Premature leaf senescence in temperate trees is strongly driven by pre-solstice heat and drought while post-solstice effects disappeared over recent decades

Over recent decades, autumn leaf senescence of temperate deciduous trees has generally been delayed. Whilst post-summer solstice warming slows the progression of senescence, pre-solstice warming has been shown to advance senescence onset by increasing developmental rates. Severe heat and drought events, which have been increasing in frequency and intensity, can also advance senescence through stress. Yet, it remains unclear whether premature senescence is primarily driven by faster development or by climatic stress, limiting accurate projections of future premature leaf senescence frequencies. We analysed leaf senescence observations for four dominant deciduous tree species (horse chestnut, silver birch, European beech, and English oak) across >3000 sites in central Europe from 1951–2023. For all species, the proportion of premature senescence events (occurrences within the earliest 5% percentile) has slightly decreased over time (trend: -0.11-0% yr^-1). Pre-solstice climate variables had the largest effects on premature senescence likelihood, with post-solstice effects diminishing over time. Pre-solstice growing degree days were the most influential factor, associated with a 30-40% increase in premature senescence likelihood per standard deviation (sd) increase. Nighttime temperatures were as important as daytime temperatures. Leaf-out date was the next most significant factor (25% increase per sd).
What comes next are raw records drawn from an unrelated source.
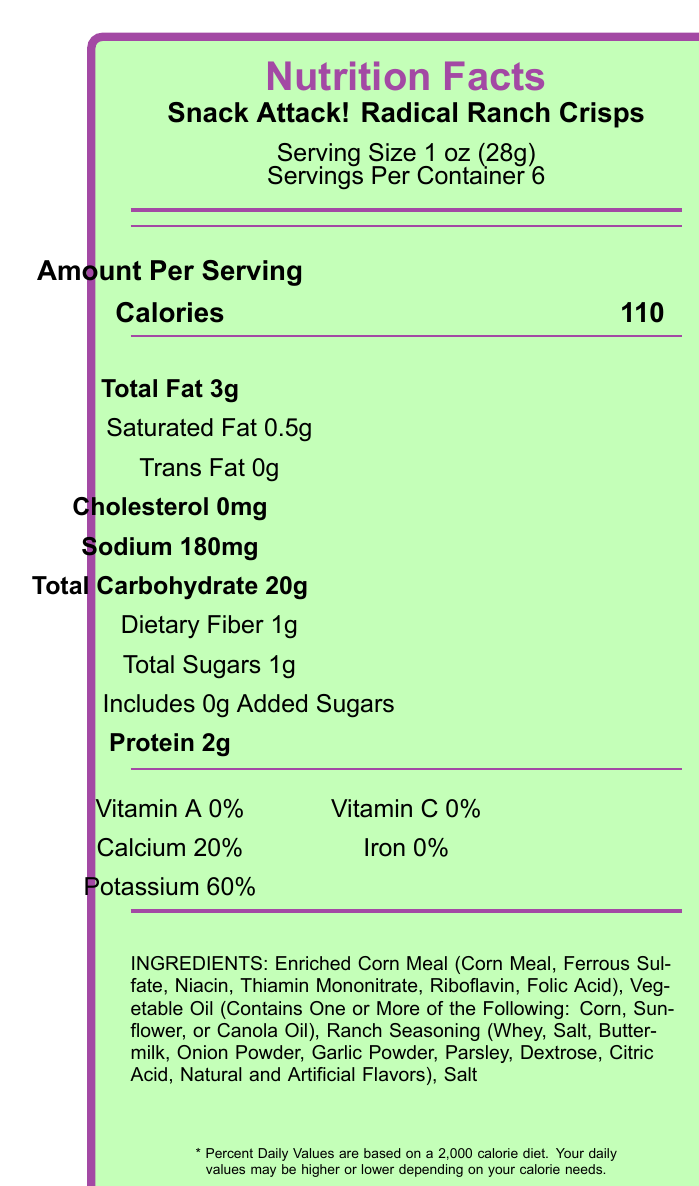What is the serving size of "Snack Attack! Radical Ranch Crisps"? The serving size is clearly stated under the product name and nutrition facts heading.
Answer: 1 oz (28g) How many calories are in one serving? The calories per serving is listed right next to the "Calories" label under the Nutrition Facts.
Answer: 110 What is the total fat content per serving in grams? The total fat content per serving is explicitly mentioned as "Total Fat 3g" within the nutritional information.
Answer: 3g How much sodium is there per serving? The sodium content per serving is listed clearly as "Sodium 180mg".
Answer: 180mg What are the first three ingredients listed? The first three ingredients listed are "Enriched Corn Meal", "Vegetable Oil", and "Ranch Seasoning".
Answer: Enriched Corn Meal, Vegetable Oil, Ranch Seasoning Which of the following vitamins and minerals are present in the product? A. Vitamin D B. Calcium C. Iron D. Potassium The nutritional section lists "Calcium 20%" and "Potassium 60%" indicating their presence, whereas Vitamin D and Iron are not listed or have 0%.
Answer: B and D How many grams of protein are in each serving? A. 1g B. 2g C. 3g D. 0g The document indicates that each serving contains "Protein 2g".
Answer: B. 2g Does this product contain any cholesterol? The nutritional information states "Cholesterol 0mg", indicating there is no cholesterol.
Answer: No Is there any trans fat included in "Snack Attack! Radical Ranch Crisps"? The document shows "Trans Fat 0g", meaning there is no trans fat.
Answer: No Describe the packaging and visual recommendations provided for filming. The packaging details and filming recommendations are given in the background section under "packaging_description" and "cinematic_notes".
Answer: The packaging is described as a neon green bag with bold purple lightning bolts and radical 90s-style typography. For filming, it is suggested to use high-contrast lighting, consider a fisheye lens for close-ups, and use vibrant neon backlighting to capture the 90s aesthetic. What is the total carbohydrate amount in grams per serving? The nutritional information lists "Total Carbohydrate 20g".
Answer: 20g Can the presence of any artificial flavors be determined? The ingredient list includes "Natural and Artificial Flavors" under Ranch Seasoning, indicating the presence of artificial flavors.
Answer: Yes What flavors are predominantly used in the ranch seasoning? These are the specific ingredients mentioned in "Ranch Seasoning" according to the document.
Answer: Whey, Salt, Buttermilk, Onion Powder, Garlic Powder, Parsley, Dextrose, Citric Acid, Natural and Artificial Flavors What is the percentage of Potassium in the product? The document indicates that the product contains "Potassium 60%".
Answer: 60% Is there any information about the brand history or founding year of "Snack Attack!"? The document does not provide any information regarding the brand history or founding year of "Snack Attack!".
Answer: Cannot be determined 
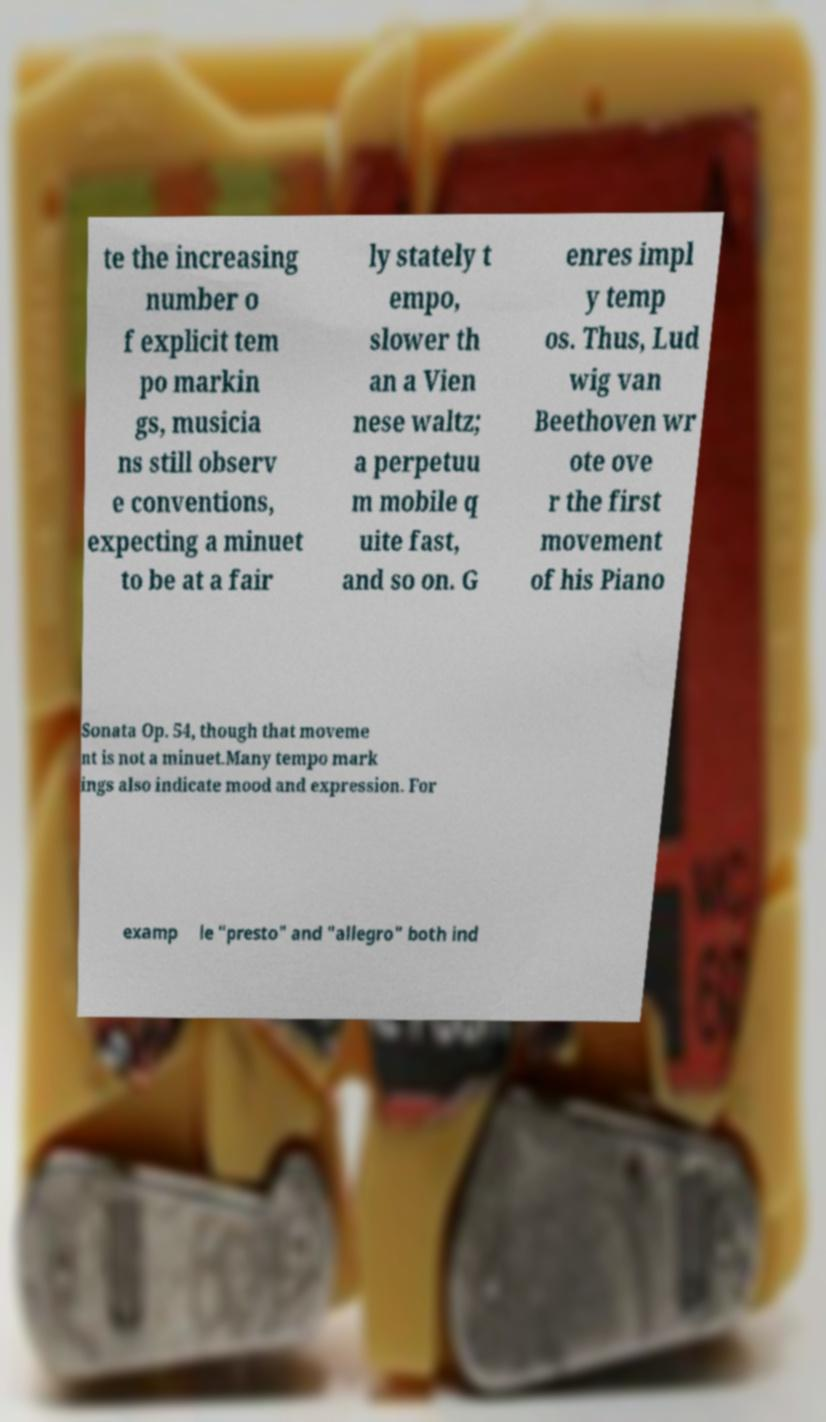Could you extract and type out the text from this image? te the increasing number o f explicit tem po markin gs, musicia ns still observ e conventions, expecting a minuet to be at a fair ly stately t empo, slower th an a Vien nese waltz; a perpetuu m mobile q uite fast, and so on. G enres impl y temp os. Thus, Lud wig van Beethoven wr ote ove r the first movement of his Piano Sonata Op. 54, though that moveme nt is not a minuet.Many tempo mark ings also indicate mood and expression. For examp le "presto" and "allegro" both ind

Water deficit had smaller effects (5-12% sd^-1), aligning with our experimental results showing that drought conditions do not cause premature senescence when nutrient availability is high. These results suggest that pre-solstice developmental processes exert a larger effect on premature senescence than summer climatic stress. Nevertheless, ongoing early-season warming and the increasing frequency of heatwaves and droughts is likely to intensify premature leaf senescence in European trees. Such shifts could have key impacts on biogeochemical cycles and community interactions within forest ecosystems.